BEGIN RECORDS SHOWN
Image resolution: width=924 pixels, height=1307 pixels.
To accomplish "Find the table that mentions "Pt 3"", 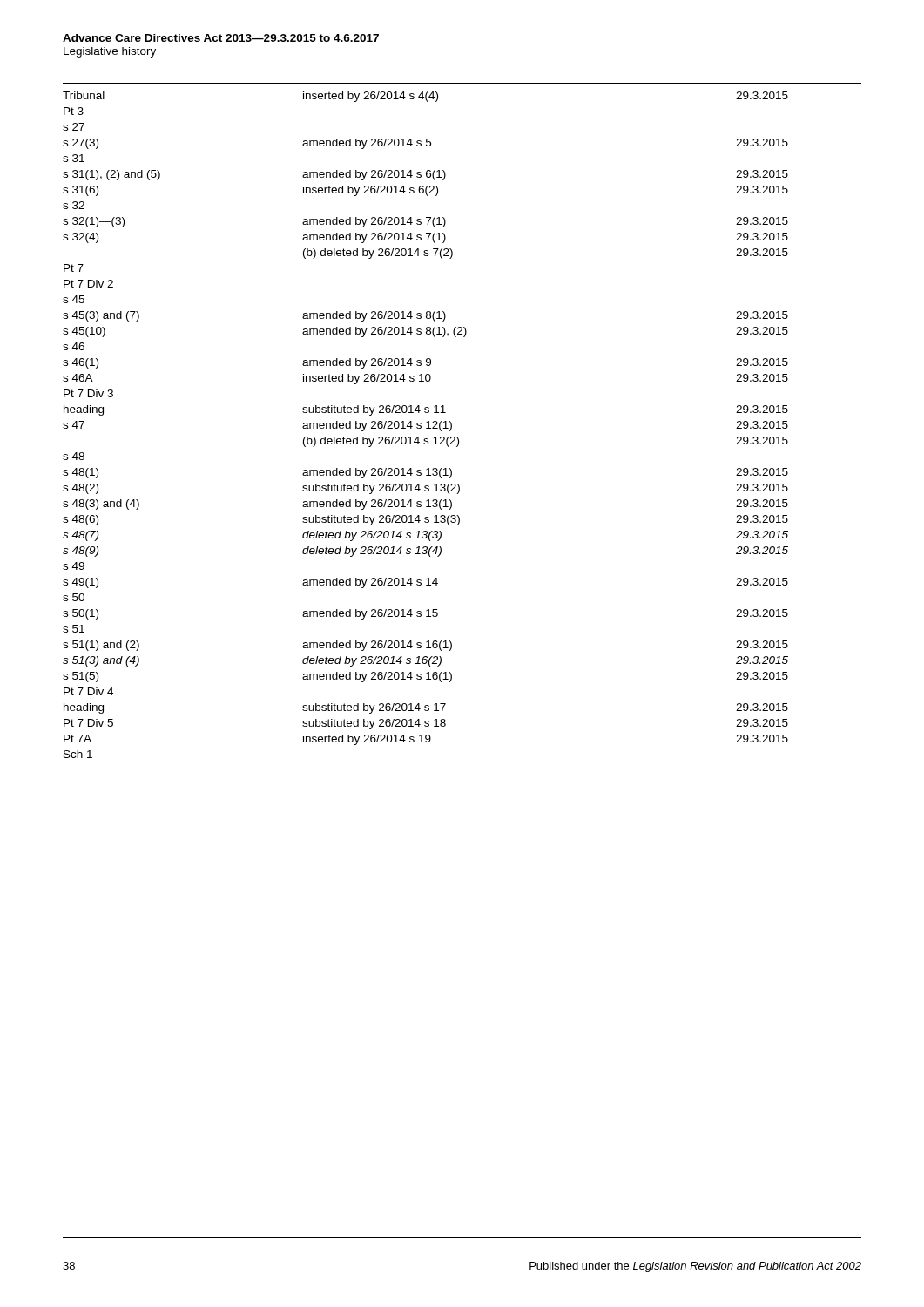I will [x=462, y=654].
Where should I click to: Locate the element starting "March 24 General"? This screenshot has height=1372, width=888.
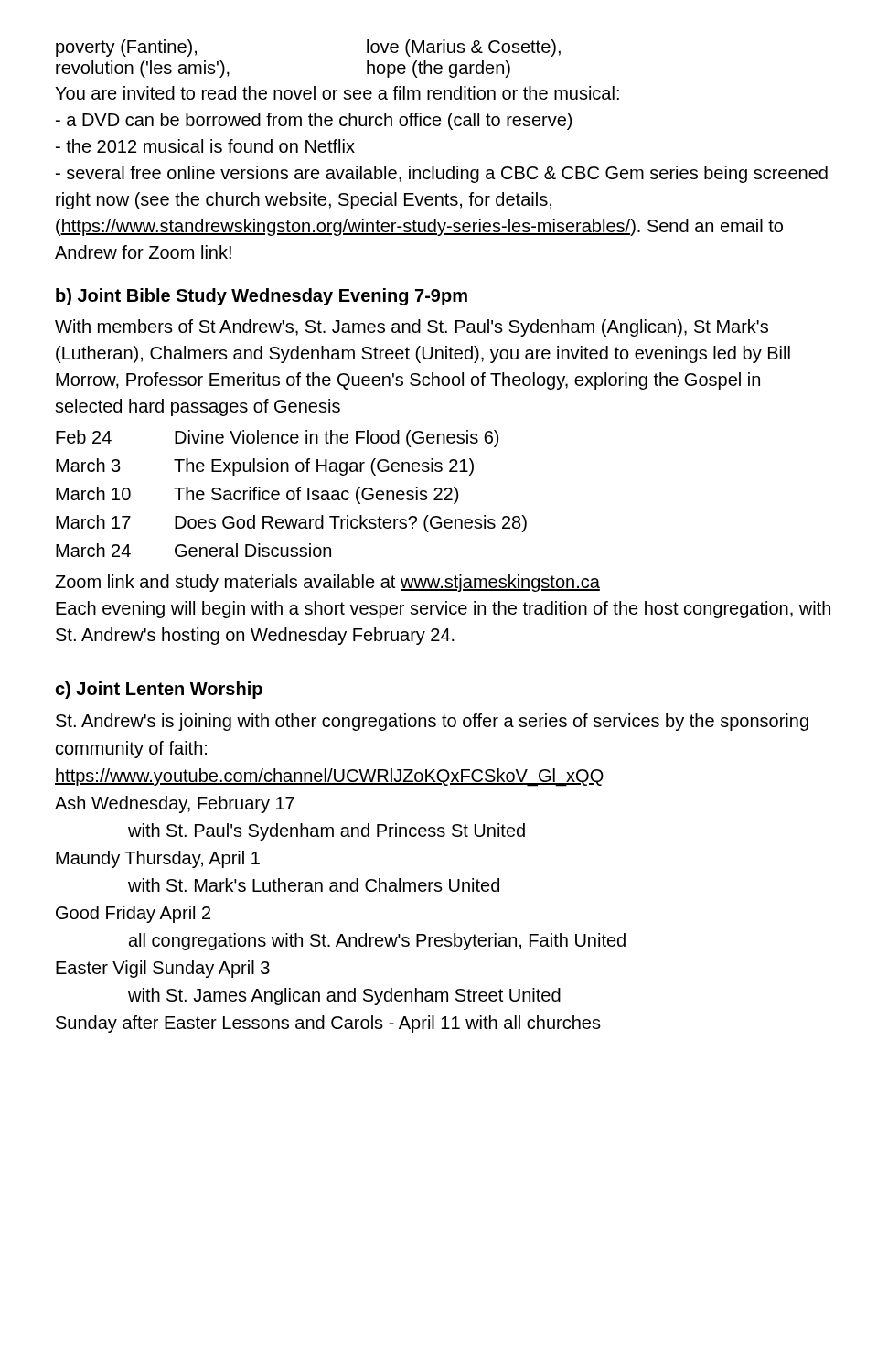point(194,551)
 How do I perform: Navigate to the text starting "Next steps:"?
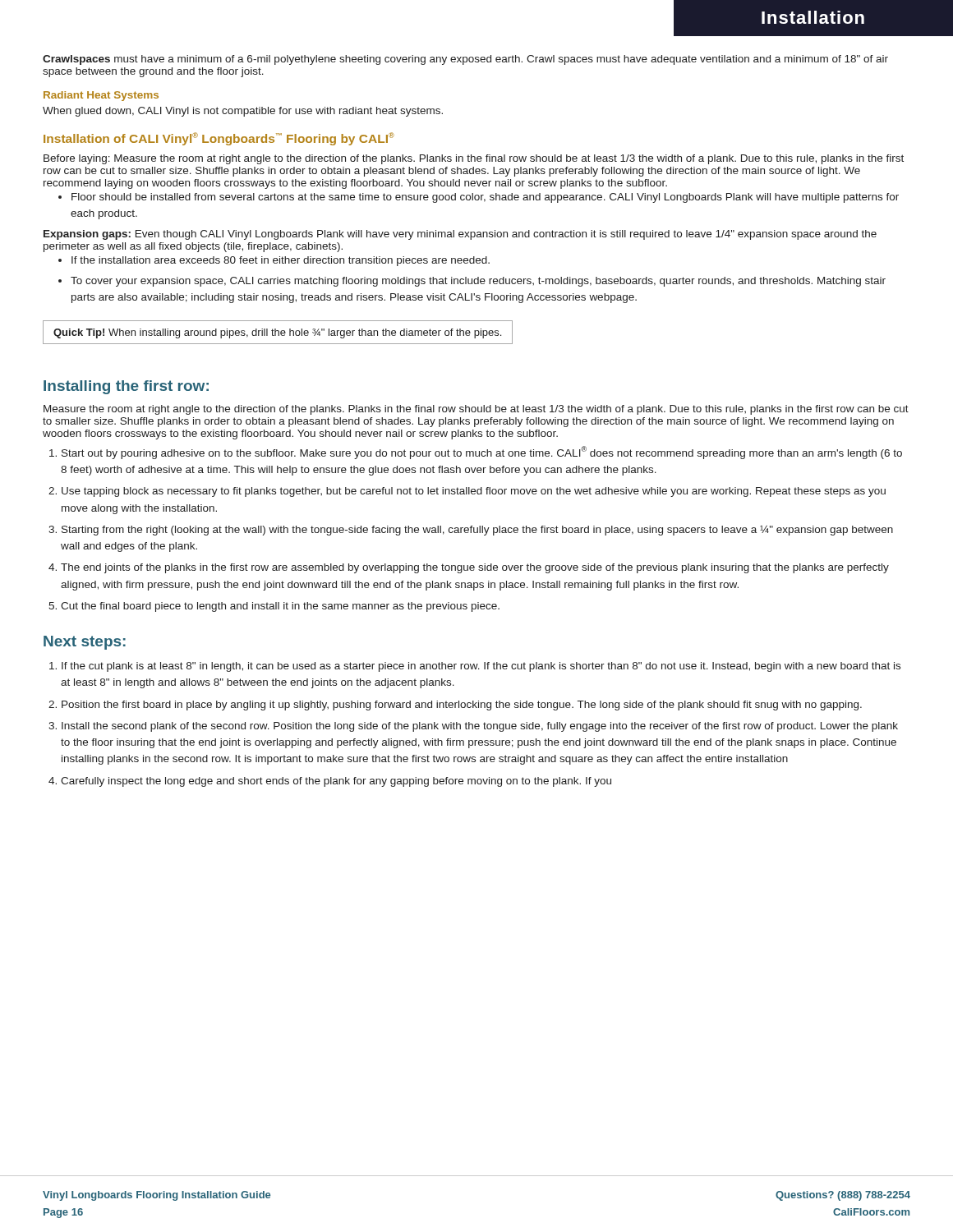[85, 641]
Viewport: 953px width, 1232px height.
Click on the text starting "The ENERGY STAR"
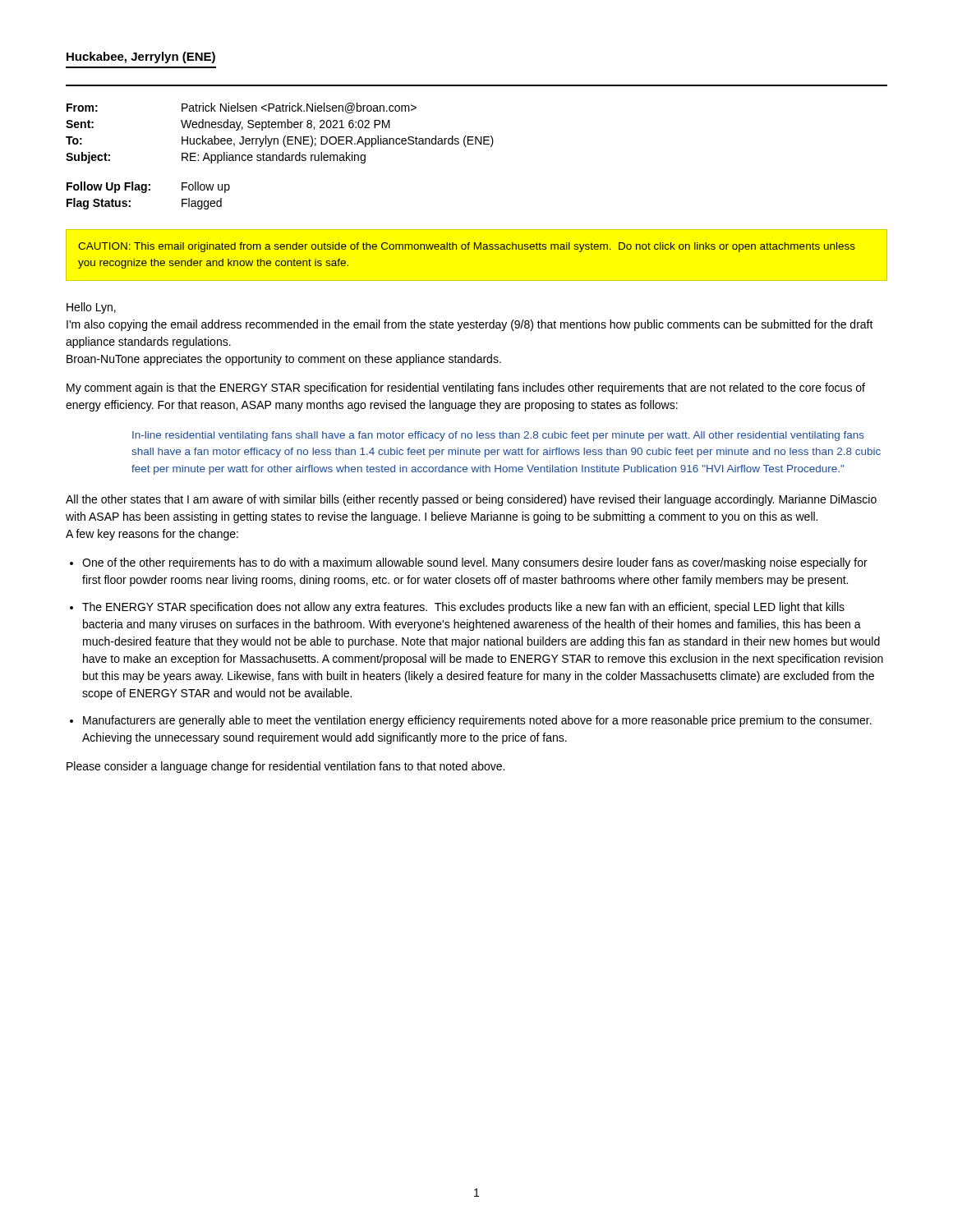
END RECORDS SHOWN
**TASK STATEMENT:**
Please transcribe, with no additions, the lines starting at the one that contains "Where should I" and running through the last line of the entries, inclusive. Leave the pictures out.

**THE ANSWER:**
Where should I click to: Locate the element starting "March 24 General"? This screenshot has height=1372, width=888.
point(194,551)
 How do I perform: Navigate to the text starting "Next steps:"?
[85, 641]
Viewport: 953px width, 1232px height.
Click on the text starting "The ENERGY STAR"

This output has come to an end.